Need It More General?
I always wondered why this sort of compression technique isn't used more generally. It's because it brings at least one aspect of all compression techniques to the point: The redundancy that is implicit in every natural language (and other natural givings) is eliminated to the greatest possible extent. Which other compression technique gives you compression ratios of 3:1-4:1 without any sophisticated big programming logic??
In a second pass, the structural redundancy then can be reduced by some well-known methods like LZW, to gain even further compression. Quite naturally, the above described situation is the straightforward application for this algorithm. To have a simple list of (natural) words alphabetically sorted gives the best results. Because English is very similar to German, this is also true for English. Spanish also gives very good results. French is slightly less suited to this compression technique because of the many accents.
But, besides these simple applications, it is possible to convert many other problems to such a format that you get nearly the same compression ratios.
Some examples: A dictionary for two languages. Instead of the conventional form—expression first language, translation second language—you put every language in a separate sorted list of words, compress them as described, and combine them by an index. After compressing the whole complex further by LZW or some other technique, you get the best possible compression in the west.

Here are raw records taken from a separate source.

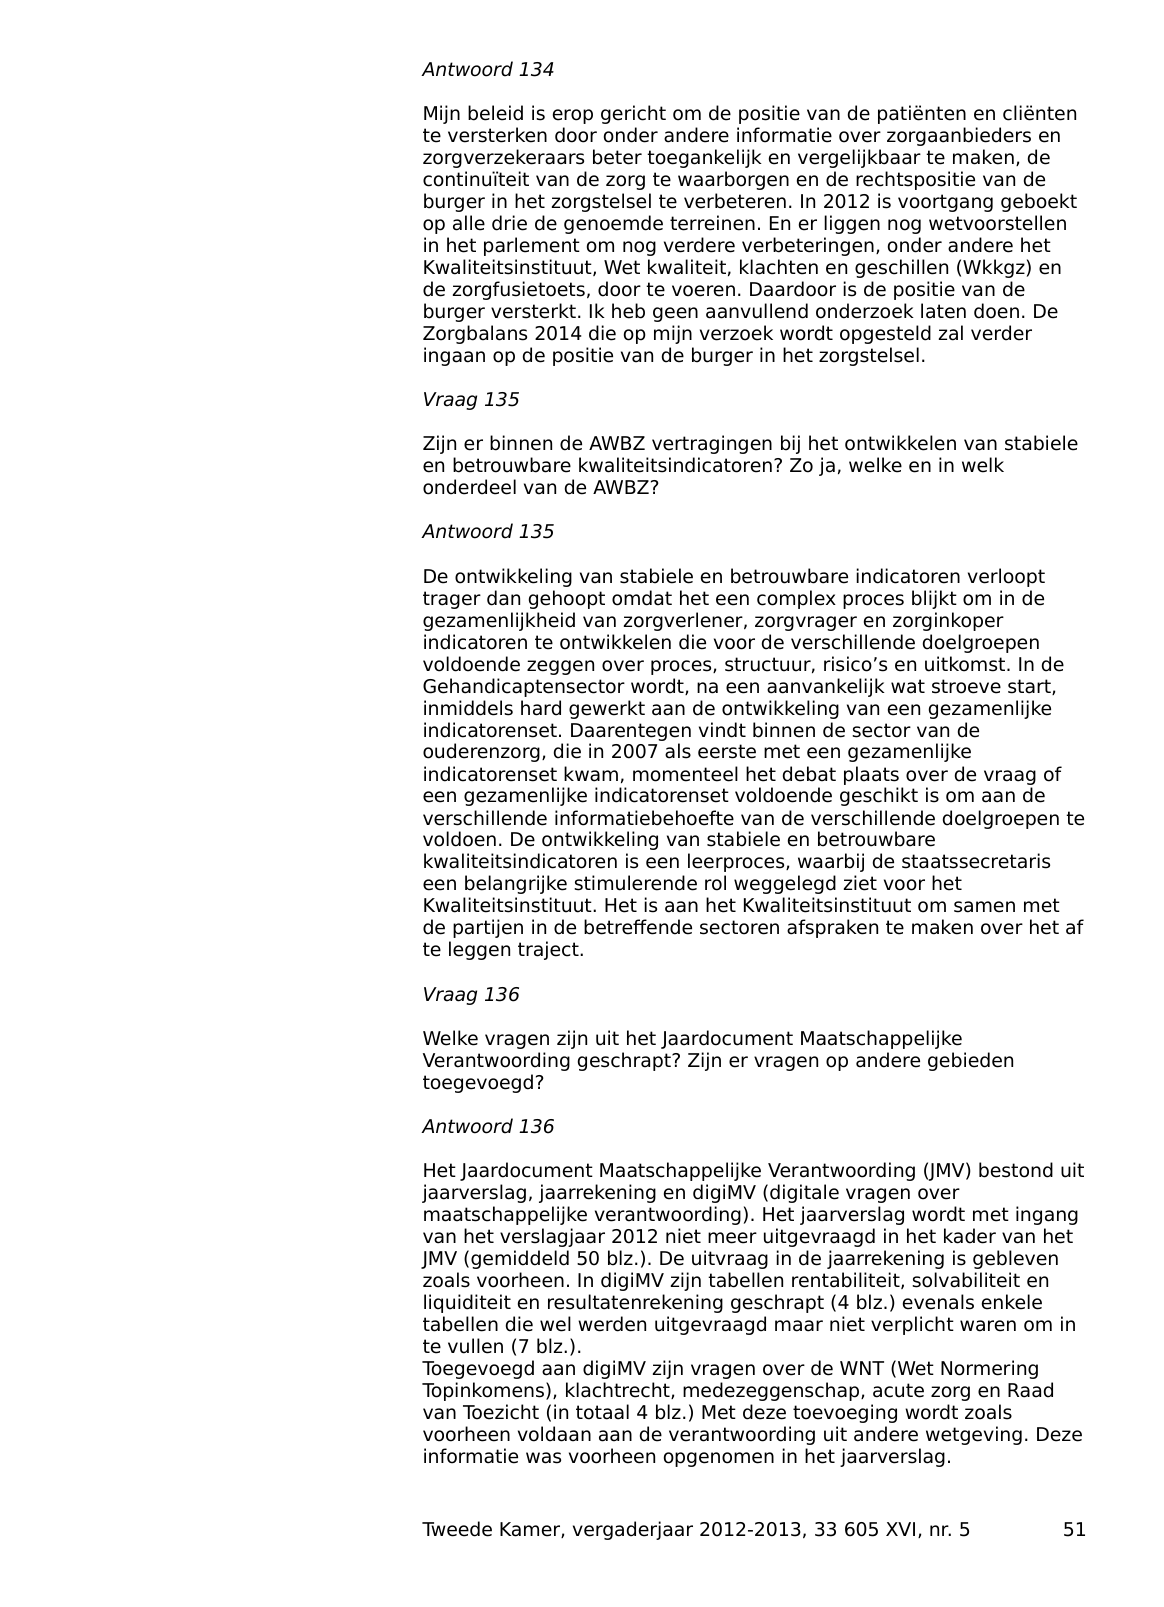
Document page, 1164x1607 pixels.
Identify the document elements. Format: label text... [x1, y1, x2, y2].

text Het Jaardocument Maatschappelijke Verantwoording (JMV) bestond uit jaarverslag, jaarrekening en digiMV (digitale vragen over maatschappelijke verantwoording). Het jaarverslag wordt met ingang van het verslagjaar 2012 niet meer uitgevraagd in het kader van het JMV (gemiddeld 50 blz.). De uitvraag in de jaarrekening is gebleven zoals voorheen. In digiMV zijn tabellen rentabiliteit, solvabiliteit en liquiditeit en resultatenrekening geschrapt (4 blz.) evenals enkele tabellen die wel werden uitgevraagd maar niet verplicht waren om in te vullen (7 blz.). [422, 1160, 1087, 1358]
subtitle Vraag 136 [422, 983, 1087, 1005]
text Welke vragen zijn uit het Jaardocument Maatschappelijke Verantwoording geschrapt? Zijn er vragen op andere gebieden toegevoegd? [422, 1028, 1087, 1093]
subtitle Antwoord 136 [422, 1116, 1087, 1138]
subtitle Antwoord 134 [422, 59, 1087, 81]
text Toegevoegd aan digiMV zijn vragen over de WNT (Wet Normering Topinkomens), klachtrecht, medezeggenschap, acute zorg en Raad van Toezicht (in totaal 4 blz.) Met deze toevoeging wordt zoals voorheen voldaan aan de verantwoording uit andere wetgeving. Deze informatie was voorheen opgenomen in het jaarverslag. [422, 1358, 1087, 1468]
text De ontwikkeling van stabiele en betrouwbare indicatoren verloopt trager dan gehoopt omdat het een complex proces blijkt om in de gezamenlijkheid van zorgverlener, zorgvrager en zorginkoper indicatoren te ontwikkelen die voor de verschillende doelgroepen voldoende zeggen over proces, structuur, risico’s en uitkomst. In de Gehandicaptensector wordt, na een aanvankelijk wat stroeve start, inmiddels hard gewerkt aan de ontwikkeling van een gezamenlijke indicatorenset. Daarentegen vindt binnen de sector van de ouderenzorg, die in 2007 als eerste met een gezamenlijke indicatorenset kwam, momenteel het debat plaats over de vraag of een gezamenlijke indicatorenset voldoende geschikt is om aan de verschillende informatiebehoefte van de verschillende doelgroepen te voldoen. De ontwikkeling van stabiele en betrouwbare kwaliteitsindicatoren is een leerproces, waarbij de staatssecretaris een belangrijke stimulerende rol weggelegd ziet voor het Kwaliteitsinstituut. Het is aan het Kwaliteitsinstituut om samen met de partijen in de betreffende sectoren afspraken te maken over het af te leggen traject. [422, 566, 1087, 961]
subtitle Antwoord 135 [422, 521, 1087, 543]
text Mijn beleid is erop gericht om de positie van de patiënten en cliënten te versterken door onder andere informatie over zorgaanbieders en zorgverzekeraars beter toegankelijk en vergelijkbaar te maken, de continuïteit van de zorg te waarborgen en de rechtspositie van de burger in het zorgstelsel te verbeteren. In 2012 is voortgang geboekt op alle drie de genoemde terreinen. En er liggen nog wetvoorstellen in het parlement om nog verdere verbeteringen, onder andere het Kwaliteitsinstituut, Wet kwaliteit, klachten en geschillen (Wkkgz) en de zorgfusietoets, door te voeren. Daardoor is de positie van de burger versterkt. Ik heb geen aanvullend onderzoek laten doen. De Zorgbalans 2014 die op mijn verzoek wordt opgesteld zal verder ingaan op de positie van de burger in het zorgstelsel. [422, 103, 1087, 367]
text Zijn er binnen de AWBZ vertragingen bij het ontwikkelen van stabiele en betrouwbare kwaliteitsindicatoren? Zo ja, welke en in welk onderdeel van de AWBZ? [422, 433, 1087, 499]
subtitle Vraag 135 [422, 389, 1087, 411]

Second example: a text. Simply sort the words in the text and index them according to the occurence of the words in the text. Zip it. Done. The longer the text is, the better the results. By the way, if you think this to the end, you get an even stronger compression technique that is rather futuristic: a general—public—list of words. Texts are then only indices into this dictionary. Absolutely unbeatable compression ratio!! But, what if a foolish hacker gets hold of this public list of words? Hey, who volunteers to write this science fiction story?
The files you can download are the C++ classes that do the work: compressing by reading and writing in the above described manner. Examples how to use them are included. Hints for further enhancements also.